Des exemptions de droits de douane dans le secteur de l’aéronautique et concernant certains dispositifs médicaux exportés outre-Atlantique ont déjà été confirmées, mais aucune pour l’heure vis-à-vis des vins et des spiritueux. La Fédération des exportateurs de vins et spiritueux (FEVS) estimait lundi que « la catastrophe [était] évitée » avec cet accord qui « évite l’application de droits de 30 % à compter du 1er août ».

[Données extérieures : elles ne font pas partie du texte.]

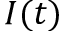<formula> <loc_0><loc_0><loc_500><loc_500>I ( t )</formula> 
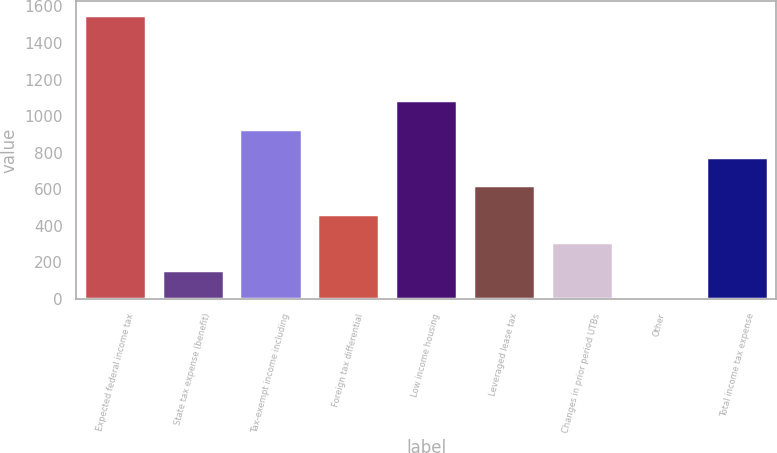Convert chart to OTSL. <chart><loc_0><loc_0><loc_500><loc_500><bar_chart><fcel>Expected federal income tax<fcel>State tax expense (benefit)<fcel>Tax-exempt income including<fcel>Foreign tax differential<fcel>Low income housing<fcel>Leveraged lease tax<fcel>Changes in prior period UTBs<fcel>Other<fcel>Total income tax expense<nl><fcel>1550<fcel>157.7<fcel>931.2<fcel>467.1<fcel>1085.9<fcel>621.8<fcel>312.4<fcel>3<fcel>776.5<nl></chart> 
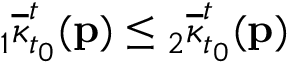Convert formula to latex. <formula><loc_0><loc_0><loc_500><loc_500>{ } _ { 1 } \overline { \kappa } _ { t _ { 0 } } ^ { t } ( p ) _ { 2 } \overline { \kappa } _ { t _ { 0 } } ^ { t } ( p )</formula> 
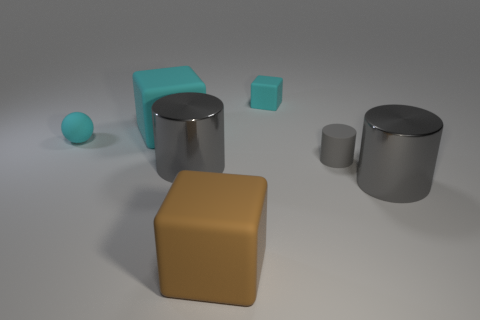Add 2 brown rubber things. How many objects exist? 9 Add 4 cyan objects. How many cyan objects exist? 7 Subtract all brown blocks. How many blocks are left? 2 Subtract all large gray cylinders. How many cylinders are left? 1 Subtract 0 yellow cylinders. How many objects are left? 7 Subtract all cubes. How many objects are left? 4 Subtract 1 spheres. How many spheres are left? 0 Subtract all yellow blocks. Subtract all brown cylinders. How many blocks are left? 3 Subtract all cyan spheres. How many cyan cubes are left? 2 Subtract all brown cubes. Subtract all cyan rubber balls. How many objects are left? 5

« Cette réunion [à Bercy] nous a permis d’exprimer à un plus haut niveau nos demandes », a dit, à l’Agence France-Presse, le directeur général de la fédération des entreprises de beauté FEBEA (cosmétiques…), Emmanuel Guichard, alertant sur le risque d’« une perte de 300 millions d’euros » et de « 5 000 emplois directs et indirects » à cause de la taxation à 15 %.
Emmanuel Macron estime que l’UE n’a pas été assez « crainte »

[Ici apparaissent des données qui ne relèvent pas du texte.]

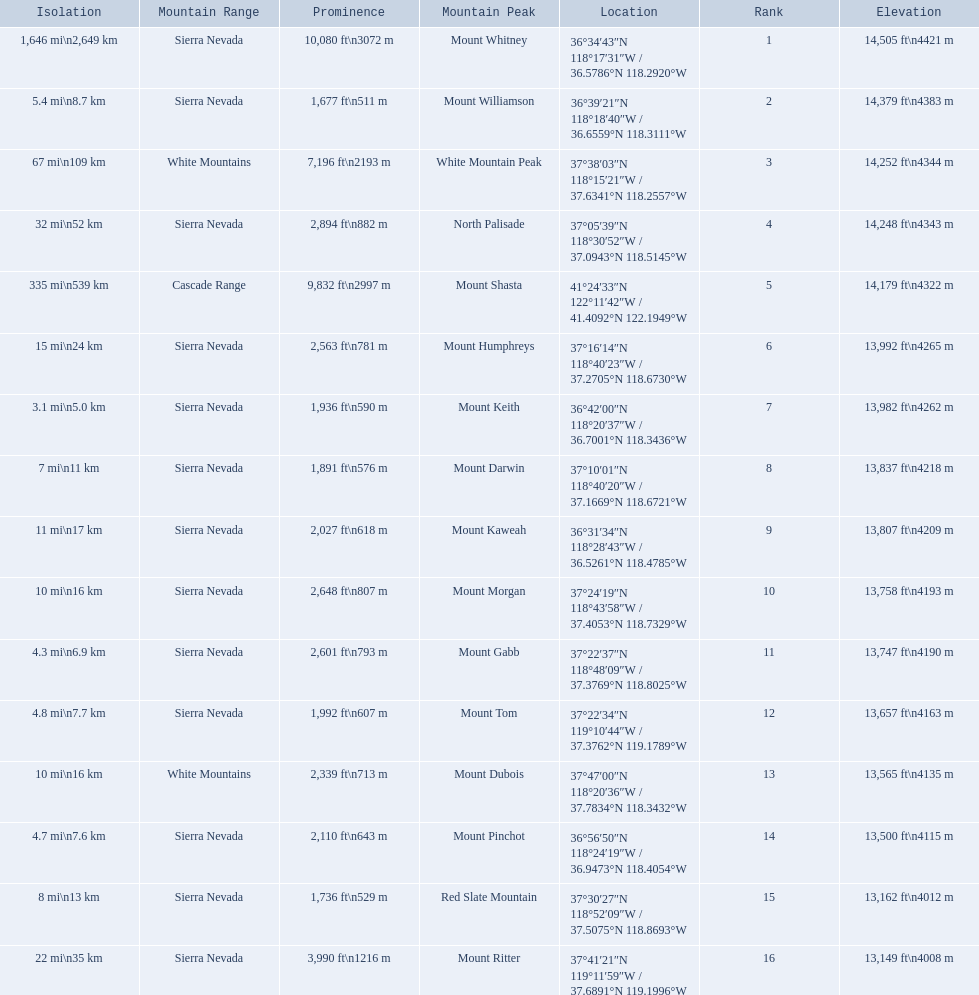What are all of the mountain peaks? Mount Whitney, Mount Williamson, White Mountain Peak, North Palisade, Mount Shasta, Mount Humphreys, Mount Keith, Mount Darwin, Mount Kaweah, Mount Morgan, Mount Gabb, Mount Tom, Mount Dubois, Mount Pinchot, Red Slate Mountain, Mount Ritter. In what ranges are they? Sierra Nevada, Sierra Nevada, White Mountains, Sierra Nevada, Cascade Range, Sierra Nevada, Sierra Nevada, Sierra Nevada, Sierra Nevada, Sierra Nevada, Sierra Nevada, Sierra Nevada, White Mountains, Sierra Nevada, Sierra Nevada, Sierra Nevada. Which peak is in the cascade range? Mount Shasta.

Lors du conseil des ministres, Emmanuel Macron, qui ne cesse d’en appeler à une Europe « puissance », a déploré, mercredi, que l’Union européenne n’ait pas été plus offensive sur les droits de douane face à Donald Trump et a jugé qu’elle pouvait encore arracher des concessions.

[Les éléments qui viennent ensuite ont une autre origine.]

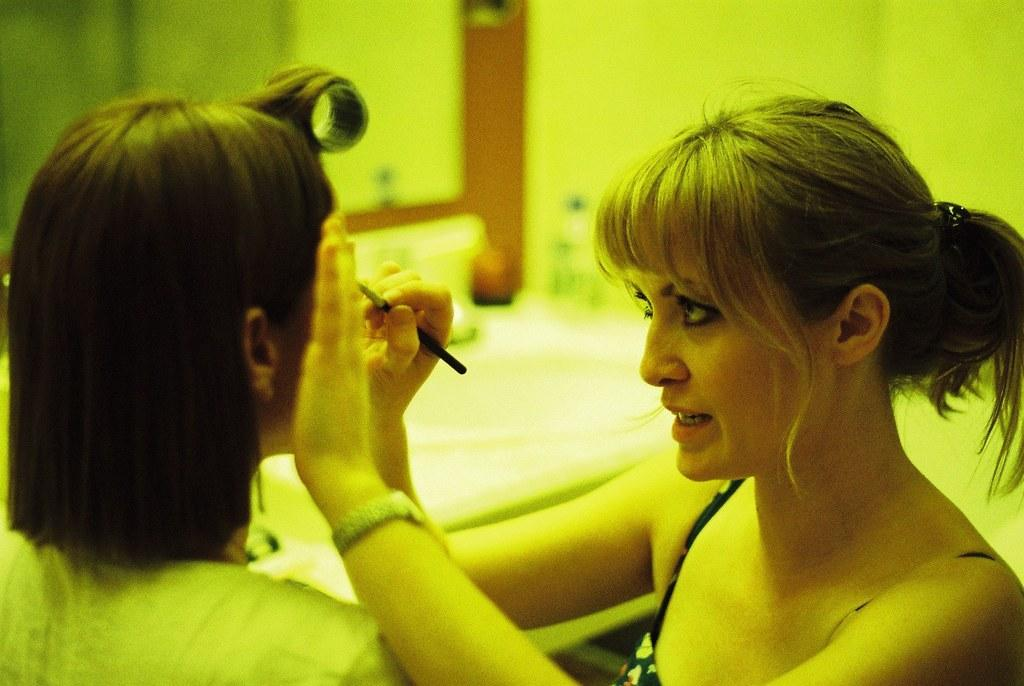Who is the main subject in the image? There is a woman in the image. What is the woman doing in the image? The woman is looking at the left side and touching another person. Can you describe any objects or features in the background of the image? There appears to be a mirror at the top of the image. What type of machine is visible in the image? There is no machine present in the image. How many trains can be seen in the image? There are no trains visible in the image.

« Pour être libres, il faut être craints. Nous n’avons pas été assez craints », a lancé le chef de l’Etat, après trois jours de silence sur l’accord commercial annoncé dimanche entre Bruxelles et Washington. « La France a toujours tenu une position de fermeté et d’exigence. Elle continuera de le faire. Ce n’est pas la fin de l’histoire et nous n’en resterons pas là », a-t-il renchéri en conseil des ministres. Le président français, qui plaidait de fait la fermeté face à la surenchère commerciale de Donald Trump, s’est retrouvé assez isolé sur la scène européenne.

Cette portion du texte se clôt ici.